In an examination, a question pater consists of 12 questions divided into two parts i.e., Part I and Part II, containing 5 and 7 questions, respectively. A student is required to attempt 8 questions in all, selecting at least 3 from each part. In how many ways can a students select the questions ?
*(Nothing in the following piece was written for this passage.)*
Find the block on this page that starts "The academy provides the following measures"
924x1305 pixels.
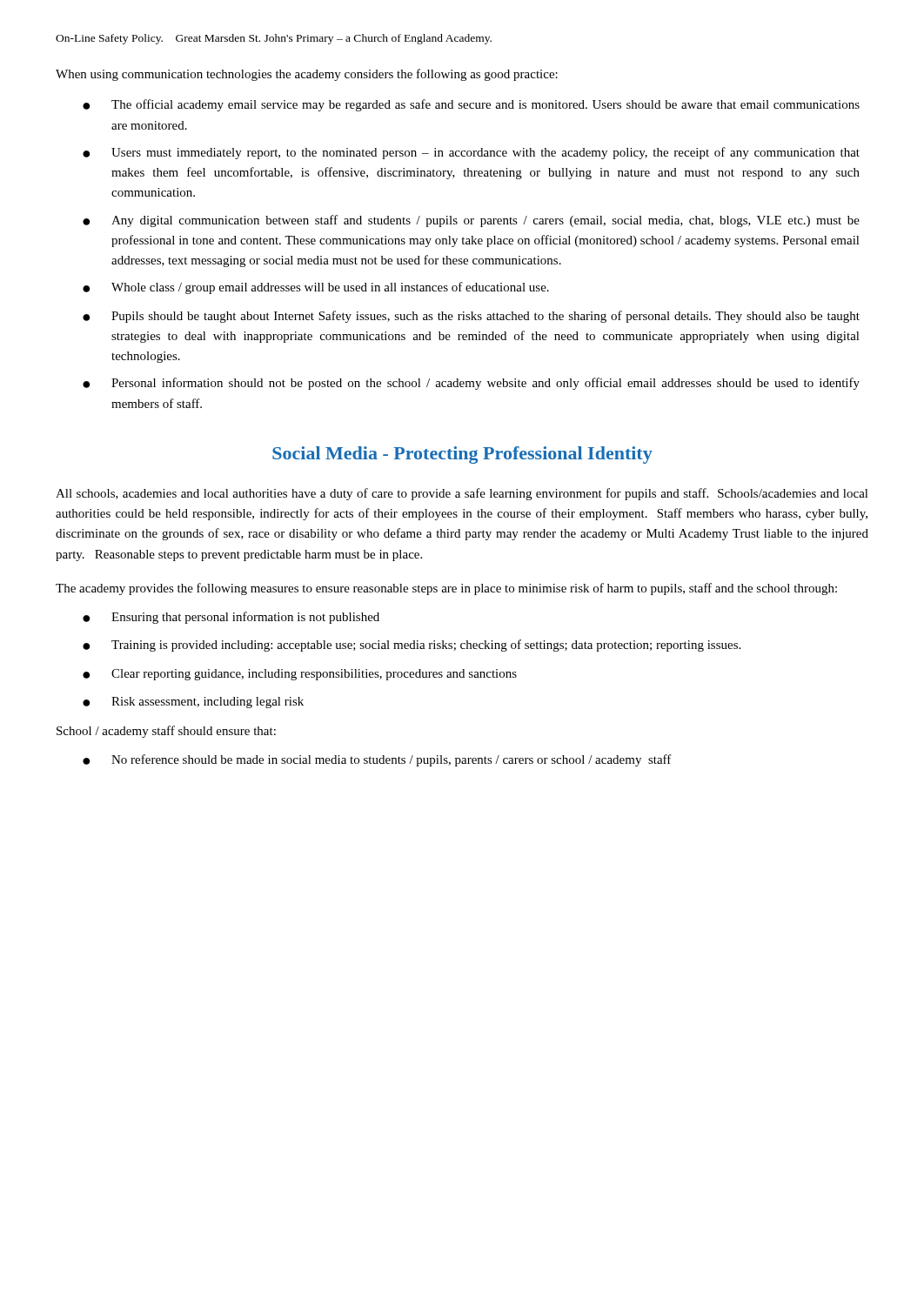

To solve the problem of how many ways a student can select questions from the examination paper, we will break it down step by step. ### Step 1: Understand the Problem We have two parts of questions: - Part I: 5 questions - Part II: 7 questions A student must attempt a total of 8 questions, with at least 3 questions from each part. ### Step 2: Determine the Possible Combinations Given the requirement of selecting at least 3 questions from each part, we can have the following combinations of selections: 1. 3 questions from Part I and 5 questions from Part II 2. 4 questions from Part I and 4 questions from Part II 3. 5 questions from Part I and 3 questions from Part II ### Step 3: Calculate the Number of Ways for Each Combination #### Combination 1: 3 from Part I and 5 from Part II - The number of ways to choose 3 questions from Part I (5 questions): \[ \text{Ways from Part I} = \binom{5}{3} = \frac{5!}{3!(5-3)!} = \frac{5 \times 4}{2 \times 1} = 10 \] - The number of ways to choose 5 questions from Part II (7 questions): \[ \text{Ways from Part II} = \binom{7}{5} = \binom{7}{2} = \frac{7!}{5!(7-5)!} = \frac{7 \times 6}{2 \times 1} = 21 \] - Total ways for this combination: \[ \text{Total for Combination 1} = 10 \times 21 = 210 \] #### Combination 2: 4 from Part I and 4 from Part II - The number of ways to choose 4 questions from Part I: \[ \text{Ways from Part I} = \binom{5}{4} = 5 \] - The number of ways to choose 4 questions from Part II: \[ \text{Ways from Part II} = \binom{7}{4} = \frac{7!}{4!(7-4)!} = \frac{7 \times 6 \times 5}{3 \times 2 \times 1} = 35 \] - Total ways for this combination: \[ \text{Total for Combination 2} = 5 \times 35 = 175 \] #### Combination 3: 5 from Part I and 3 from Part II - The number of ways to choose 5 questions from Part I: \[ \text{Ways from Part I} = \binom{5}{5} = 1 \] - The number of ways to choose 3 questions from Part II: \[ \text{Ways from Part II} = \binom{7}{3} = \frac{7!}{3!(7-3)!} = \frac{7 \times 6 \times 5}{3 \times 2 \times 1} = 35 \] - Total ways for this combination: \[ \text{Total for Combination 3} = 1 \times 35 = 35 \] ### Step 4: Calculate the Total Number of Ways Now, we add the total ways from all combinations: \[ \text{Total Ways} = 210 + 175 + 35 = 420 \] ### Final Answer The total number of ways a student can select the questions is **420**. ---